** Collected data **
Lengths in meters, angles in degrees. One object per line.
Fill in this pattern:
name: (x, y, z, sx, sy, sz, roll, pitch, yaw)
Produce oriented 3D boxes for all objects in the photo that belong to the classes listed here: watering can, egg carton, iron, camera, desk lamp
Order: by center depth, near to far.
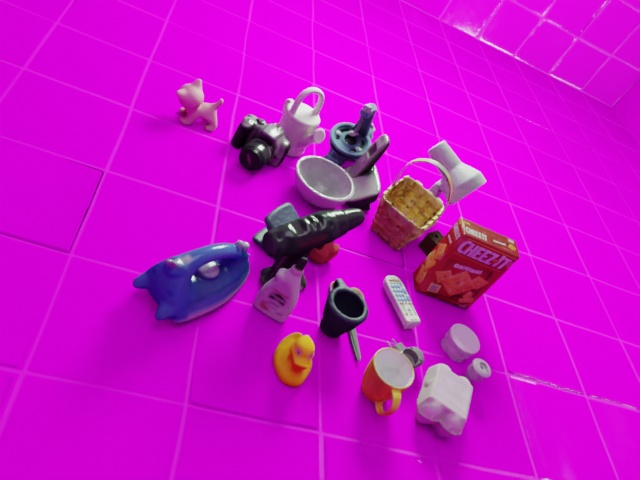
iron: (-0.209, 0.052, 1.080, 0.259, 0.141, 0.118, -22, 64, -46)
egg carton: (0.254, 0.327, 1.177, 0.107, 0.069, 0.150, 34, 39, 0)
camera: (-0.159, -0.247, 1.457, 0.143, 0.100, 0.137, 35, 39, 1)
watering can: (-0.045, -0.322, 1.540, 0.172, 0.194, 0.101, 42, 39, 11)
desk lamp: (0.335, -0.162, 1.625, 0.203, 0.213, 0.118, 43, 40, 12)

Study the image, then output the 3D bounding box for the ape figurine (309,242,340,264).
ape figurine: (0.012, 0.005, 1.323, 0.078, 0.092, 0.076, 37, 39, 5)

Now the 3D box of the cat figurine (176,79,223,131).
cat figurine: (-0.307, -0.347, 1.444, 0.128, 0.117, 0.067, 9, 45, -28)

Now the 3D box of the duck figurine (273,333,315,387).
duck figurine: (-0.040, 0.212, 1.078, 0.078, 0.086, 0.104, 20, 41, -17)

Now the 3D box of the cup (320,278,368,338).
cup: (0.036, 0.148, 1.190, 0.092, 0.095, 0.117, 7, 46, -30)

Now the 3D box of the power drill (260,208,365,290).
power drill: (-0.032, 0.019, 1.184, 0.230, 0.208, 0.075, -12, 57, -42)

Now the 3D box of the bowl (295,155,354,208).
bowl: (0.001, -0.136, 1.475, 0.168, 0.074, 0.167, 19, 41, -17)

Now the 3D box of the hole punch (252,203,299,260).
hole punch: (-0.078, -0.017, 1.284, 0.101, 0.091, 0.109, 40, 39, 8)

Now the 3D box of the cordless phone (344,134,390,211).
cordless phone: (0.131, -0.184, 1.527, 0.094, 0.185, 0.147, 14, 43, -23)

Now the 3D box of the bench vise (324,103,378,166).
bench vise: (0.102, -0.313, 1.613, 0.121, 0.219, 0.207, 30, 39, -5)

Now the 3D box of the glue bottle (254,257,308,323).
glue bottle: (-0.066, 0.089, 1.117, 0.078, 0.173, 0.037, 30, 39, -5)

** WHAT THE TASK REQUIRES **
Locate the line that contains "Now the 3D box of the power", then please quote it and every line after it to the end of the entries above, exactly and with nothing else.

** ANSWER SPACE **
Now the 3D box of the power drill (260,208,365,290).
power drill: (-0.032, 0.019, 1.184, 0.230, 0.208, 0.075, -12, 57, -42)

Now the 3D box of the bowl (295,155,354,208).
bowl: (0.001, -0.136, 1.475, 0.168, 0.074, 0.167, 19, 41, -17)

Now the 3D box of the hole punch (252,203,299,260).
hole punch: (-0.078, -0.017, 1.284, 0.101, 0.091, 0.109, 40, 39, 8)

Now the 3D box of the cordless phone (344,134,390,211).
cordless phone: (0.131, -0.184, 1.527, 0.094, 0.185, 0.147, 14, 43, -23)

Now the 3D box of the bench vise (324,103,378,166).
bench vise: (0.102, -0.313, 1.613, 0.121, 0.219, 0.207, 30, 39, -5)

Now the 3D box of the glue bottle (254,257,308,323).
glue bottle: (-0.066, 0.089, 1.117, 0.078, 0.173, 0.037, 30, 39, -5)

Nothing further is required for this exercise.